Could you please go into detail with each step? I really want to understand this.

I used it after making the change of variables. Let me derive my solution with the D'Alembert solution.

First the D'Alembert solution applies for

$\displaystyle u_{xx} - \frac{1}{c^2} u_{tt} = 0$

But your PDE has a nonhomogeneous term.

$\displaystyle u_{xx} - \frac{1}{c^2} u_{tt} = 4$

So we'll find a particlar solution - $\displaystyle u_p = -2c^2 t^2$ works. So let $\displaystyle u = v + u_p$ where now $\displaystyle v$ satisfies

$\displaystyle v_{xx} - \frac{1}{c^2} v_{tt} = 0$,

$\displaystyle v(x,0) = \sin x,\;\;\; v_t(x,0) = c\cos x$

D'Almbert solution

$\displaystyle v(x,t) = \frac{1}{2} \left( f (x + ct) + f(x - ct) \right) + \frac{1}{2c} \displaystyle \int_{x-ct}^{x+ct} g(s) ds$

and your IC's gives $\displaystyle f(x) = \sin x$ and $\displaystyle g(x) = c\cos x$

$\displaystyle v(x,t) = \frac{1}{2} \left( \sin (x + ct) + \sin(x - ct) \right) + \frac{1}{2c} \displaystyle \int_{x-ct}^{x+ct} c\cos(s) ds = \sin (x + ct)$

so

$\displaystyle u(x,t) = -2c^2t^2 + \sin(x+ct)$.
• Aug 25th 2010, 04:00 AM
JoernE
Quote:

so we'll find a particular solution $\displaystyle u_p = -2c^2 t^2$ works
Thanks again. I'm just curious how you arrive at this particular solution. I now understand the other parts.
• Aug 25th 2010, 04:35 AM
Jester
Quote:

Originally Posted by JoernE
Thanks again. I'm just curious how you arrive at this particular solution. I now understand the other parts.
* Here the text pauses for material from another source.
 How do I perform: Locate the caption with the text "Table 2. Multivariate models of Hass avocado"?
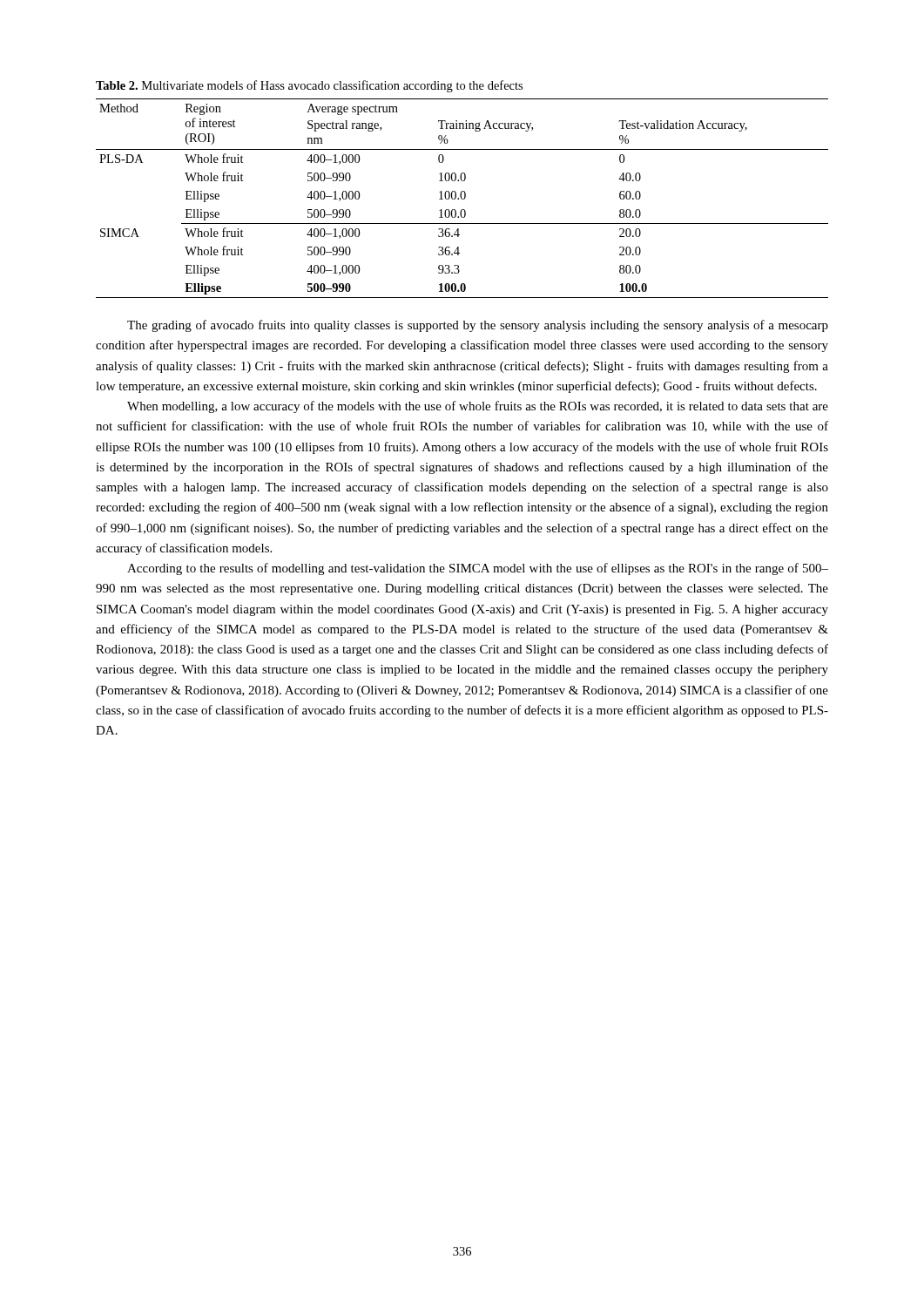pos(309,85)

Assume that $\displaystyle u = F(t)$ only and substitute into your PDE. You'll get an simple ODE for $\displaystyle F(t)$ from wich my particular solution will emerge. (Note - you can supress the constants of integration, it only makes things more complicated).